YOUR OBJECTIVE:
Exactly reproduce all the records, keeping pictures out of the copy.

TASK INPUT:
########################################

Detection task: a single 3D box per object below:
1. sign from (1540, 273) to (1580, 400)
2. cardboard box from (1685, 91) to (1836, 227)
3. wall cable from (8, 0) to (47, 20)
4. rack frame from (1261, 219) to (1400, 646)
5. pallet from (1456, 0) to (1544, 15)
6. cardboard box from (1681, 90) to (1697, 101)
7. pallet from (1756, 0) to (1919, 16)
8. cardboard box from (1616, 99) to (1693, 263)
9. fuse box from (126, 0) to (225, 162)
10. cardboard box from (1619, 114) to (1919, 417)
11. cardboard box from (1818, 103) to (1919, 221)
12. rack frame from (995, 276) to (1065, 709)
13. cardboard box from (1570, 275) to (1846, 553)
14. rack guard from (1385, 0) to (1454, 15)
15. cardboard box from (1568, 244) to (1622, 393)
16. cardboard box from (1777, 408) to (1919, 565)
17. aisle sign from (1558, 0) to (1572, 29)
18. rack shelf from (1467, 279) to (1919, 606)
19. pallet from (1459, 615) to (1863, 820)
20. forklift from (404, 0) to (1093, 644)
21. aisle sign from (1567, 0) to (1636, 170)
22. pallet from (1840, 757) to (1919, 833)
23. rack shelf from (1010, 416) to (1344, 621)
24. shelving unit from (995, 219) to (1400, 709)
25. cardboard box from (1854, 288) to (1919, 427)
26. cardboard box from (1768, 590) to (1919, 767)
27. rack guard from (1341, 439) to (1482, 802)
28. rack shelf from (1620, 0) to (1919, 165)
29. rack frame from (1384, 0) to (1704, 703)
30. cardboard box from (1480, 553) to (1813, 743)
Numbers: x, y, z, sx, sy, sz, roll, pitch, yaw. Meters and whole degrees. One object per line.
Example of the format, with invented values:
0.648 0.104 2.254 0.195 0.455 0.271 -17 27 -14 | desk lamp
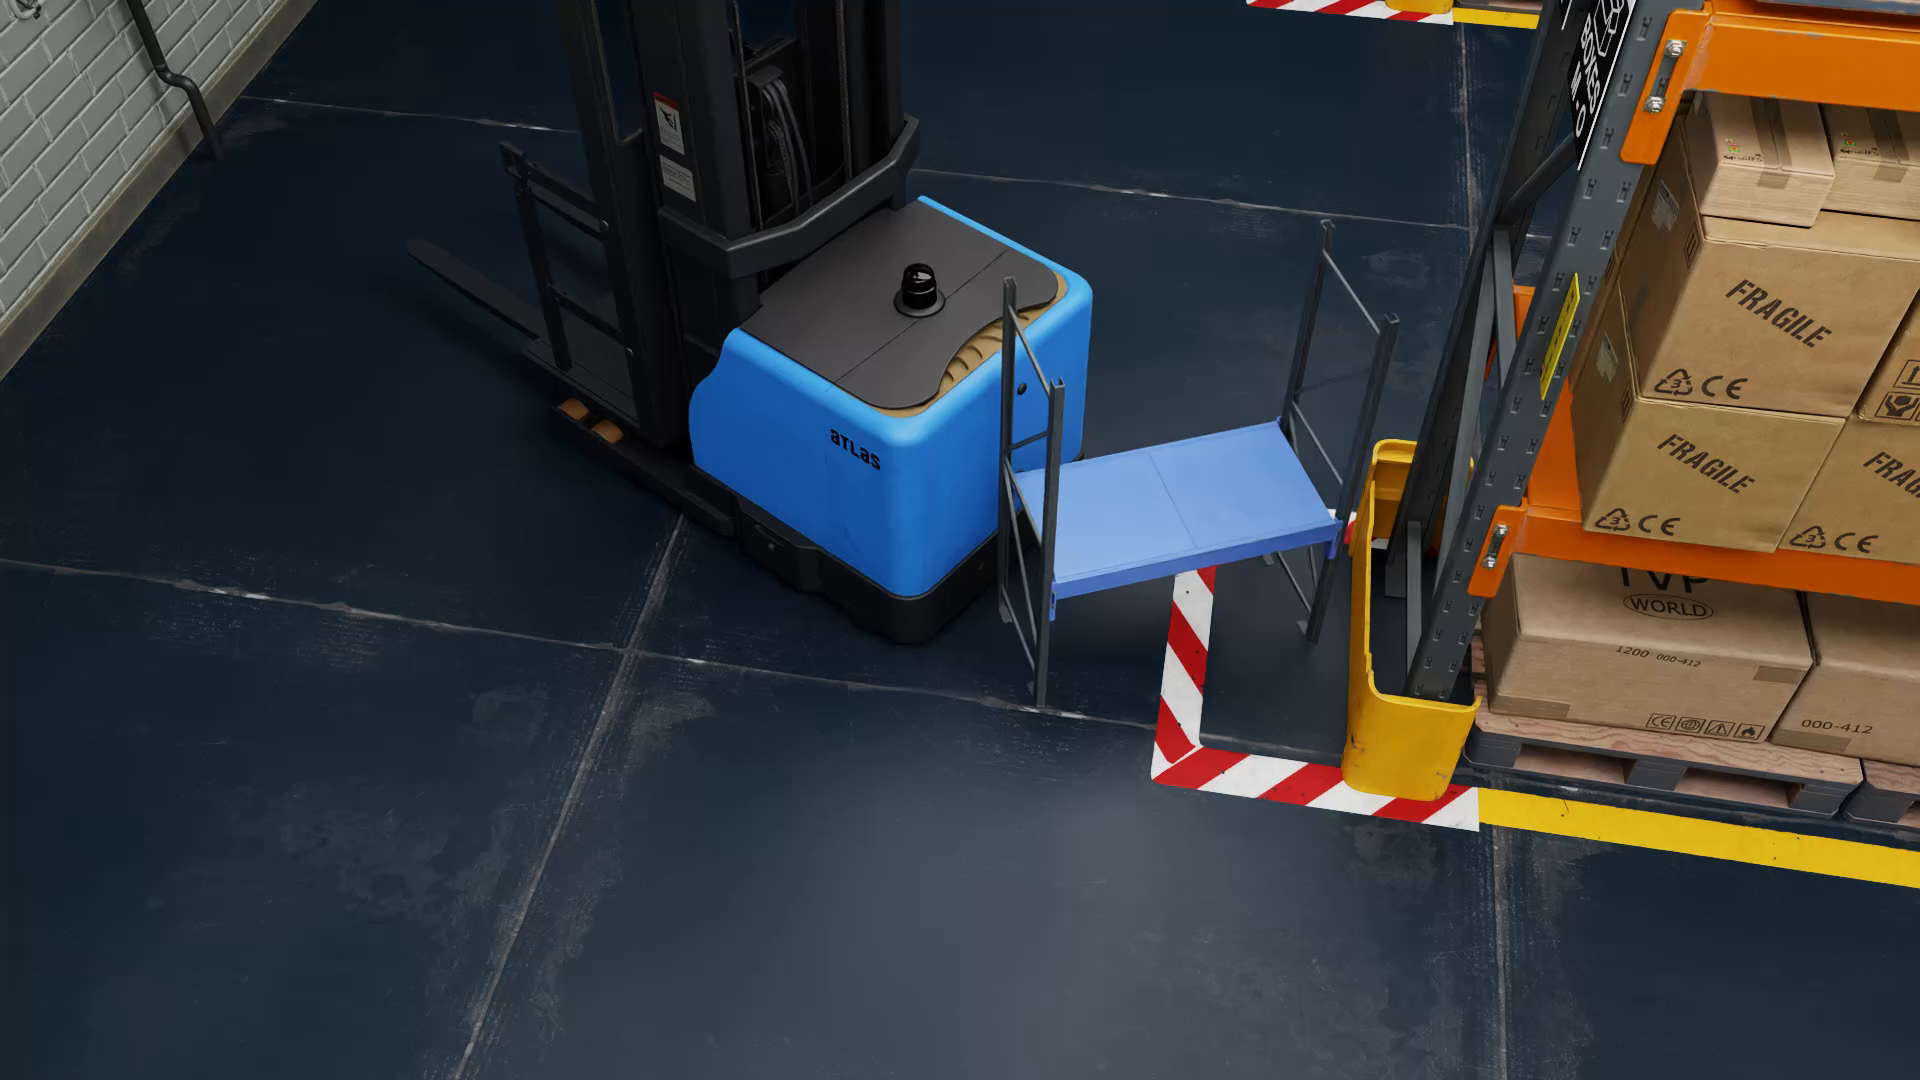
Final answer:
1.455 -0.491 4.039 0.005 0.325 0.100 8 49 7 | sign
1.859 -0.915 3.880 0.250 0.149 0.380 9 49 8 | cardboard box
-3.753 -2.689 5.966 0.122 1.984 0.588 8 49 7 | wall cable
1.190 -0.305 5.516 0.032 1.500 0.500 -12 49 -10 | rack frame
3.298 -3.167 8.954 1.213 0.211 1.003 8 49 7 | pallet
1.948 -1.264 4.194 0.250 0.149 0.380 8 49 7 | cardboard box
2.291 -1.463 3.591 1.213 0.211 1.003 8 49 7 | pallet
2.076 -1.059 4.445 0.500 0.500 0.500 9 49 8 | cardboard box
-3.477 -2.397 7.253 0.414 1.711 0.539 8 49 7 | fuse box
1.981 -0.676 4.101 0.500 0.500 0.500 7 48 6 | cardboard box
2.130 -0.933 3.896 0.250 0.149 0.380 9 49 8 | cardboard box
0.211 -0.101 5.333 0.032 1.500 0.500 -12 49 -10 | rack frame
1.981 -0.340 4.472 0.500 0.500 0.500 7 48 7 | cardboard box
2.513 -3.369 8.941 0.348 0.500 1.175 8 49 7 | rack guard
2.081 -0.744 4.835 0.500 0.500 0.500 8 49 7 | cardboard box
2.483 -0.294 4.430 0.500 0.500 0.500 7 48 6 | cardboard box
1.544 -1.686 4.000 0.004 0.787 0.394 8 49 7 | aisle sign
3.527 -0.075 4.785 4.000 0.370 1.077 8 49 7 | rack shelf
2.360 0.400 5.749 1.213 0.211 1.003 8 49 7 | pallet
-0.992 -1.555 5.677 3.031 2.935 1.130 32 55 25 | forklift
1.437 -1.247 3.606 0.004 0.787 0.394 8 49 7 | aisle sign
3.557 0.563 5.602 1.213 0.211 1.003 8 49 7 | pallet
0.700 -0.083 5.558 1.000 0.185 0.538 -12 49 -10 | rack shelf
0.700 -0.203 5.424 1.048 1.500 0.538 -12 49 -10 | shelving unit
2.491 -0.613 4.045 0.500 0.500 0.500 6 48 6 | cardboard box
3.129 0.265 5.436 0.875 0.438 0.875 9 49 8 | cardboard box
1.536 0.252 5.688 0.348 0.500 1.175 8 49 7 | rack guard
3.527 -1.078 3.669 4.000 0.370 1.077 8 49 7 | rack shelf
1.559 -0.580 4.755 0.127 3.000 1.000 8 49 7 | rack frame
2.227 0.150 5.539 0.875 0.438 0.875 6 48 6 | cardboard box

########################################

SOLUTION FOR THIS TASK:
Detection task: a single 3D box per object below:
1. sign from (1540, 273) to (1580, 400)
2. cardboard box from (1685, 91) to (1836, 227)
3. wall cable from (8, 0) to (47, 20)
4. rack frame from (1261, 219) to (1400, 646)
5. pallet from (1456, 0) to (1544, 15)
6. cardboard box from (1681, 90) to (1697, 101)
7. pallet from (1756, 0) to (1919, 16)
8. cardboard box from (1616, 99) to (1693, 263)
9. fuse box from (126, 0) to (225, 162)
10. cardboard box from (1619, 114) to (1919, 417)
11. cardboard box from (1818, 103) to (1919, 221)
12. rack frame from (995, 276) to (1065, 709)
13. cardboard box from (1570, 275) to (1846, 553)
14. rack guard from (1385, 0) to (1454, 15)
15. cardboard box from (1568, 244) to (1622, 393)
16. cardboard box from (1777, 408) to (1919, 565)
17. aisle sign from (1558, 0) to (1572, 29)
18. rack shelf from (1467, 279) to (1919, 606)
19. pallet from (1459, 615) to (1863, 820)
20. forklift from (404, 0) to (1093, 644)
21. aisle sign from (1567, 0) to (1636, 170)
22. pallet from (1840, 757) to (1919, 833)
23. rack shelf from (1010, 416) to (1344, 621)
24. shelving unit from (995, 219) to (1400, 709)
25. cardboard box from (1854, 288) to (1919, 427)
26. cardboard box from (1768, 590) to (1919, 767)
27. rack guard from (1341, 439) to (1482, 802)
28. rack shelf from (1620, 0) to (1919, 165)
29. rack frame from (1384, 0) to (1704, 703)
30. cardboard box from (1480, 553) to (1813, 743)
Numbers: x, y, z, sx, sy, sz, roll, pitch, yaw. Meters and whole degrees. One object per line.
Example of the format, with invented values:
0.648 0.104 2.254 0.195 0.455 0.271 -17 27 -14 | desk lamp
Final answer:
1.455 -0.491 4.039 0.005 0.325 0.100 8 49 7 | sign
1.859 -0.915 3.880 0.250 0.149 0.380 9 49 8 | cardboard box
-3.753 -2.689 5.966 0.122 1.984 0.588 8 49 7 | wall cable
1.190 -0.305 5.516 0.032 1.500 0.500 -12 49 -10 | rack frame
3.298 -3.167 8.954 1.213 0.211 1.003 8 49 7 | pallet
1.948 -1.264 4.194 0.250 0.149 0.380 8 49 7 | cardboard box
2.291 -1.463 3.591 1.213 0.211 1.003 8 49 7 | pallet
2.076 -1.059 4.445 0.500 0.500 0.500 9 49 8 | cardboard box
-3.477 -2.397 7.253 0.414 1.711 0.539 8 49 7 | fuse box
1.981 -0.676 4.101 0.500 0.500 0.500 7 48 6 | cardboard box
2.130 -0.933 3.896 0.250 0.149 0.380 9 49 8 | cardboard box
0.211 -0.101 5.333 0.032 1.500 0.500 -12 49 -10 | rack frame
1.981 -0.340 4.472 0.500 0.500 0.500 7 48 7 | cardboard box
2.513 -3.369 8.941 0.348 0.500 1.175 8 49 7 | rack guard
2.081 -0.744 4.835 0.500 0.500 0.500 8 49 7 | cardboard box
2.483 -0.294 4.430 0.500 0.500 0.500 7 48 6 | cardboard box
1.544 -1.686 4.000 0.004 0.787 0.394 8 49 7 | aisle sign
3.527 -0.075 4.785 4.000 0.370 1.077 8 49 7 | rack shelf
2.360 0.400 5.749 1.213 0.211 1.003 8 49 7 | pallet
-0.992 -1.555 5.677 3.031 2.935 1.130 32 55 25 | forklift
1.437 -1.247 3.606 0.004 0.787 0.394 8 49 7 | aisle sign
3.557 0.563 5.602 1.213 0.211 1.003 8 49 7 | pallet
0.700 -0.083 5.558 1.000 0.185 0.538 -12 49 -10 | rack shelf
0.700 -0.203 5.424 1.048 1.500 0.538 -12 49 -10 | shelving unit
2.491 -0.613 4.045 0.500 0.500 0.500 6 48 6 | cardboard box
3.129 0.265 5.436 0.875 0.438 0.875 9 49 8 | cardboard box
1.536 0.252 5.688 0.348 0.500 1.175 8 49 7 | rack guard
3.527 -1.078 3.669 4.000 0.370 1.077 8 49 7 | rack shelf
1.559 -0.580 4.755 0.127 3.000 1.000 8 49 7 | rack frame
2.227 0.150 5.539 0.875 0.438 0.875 6 48 6 | cardboard box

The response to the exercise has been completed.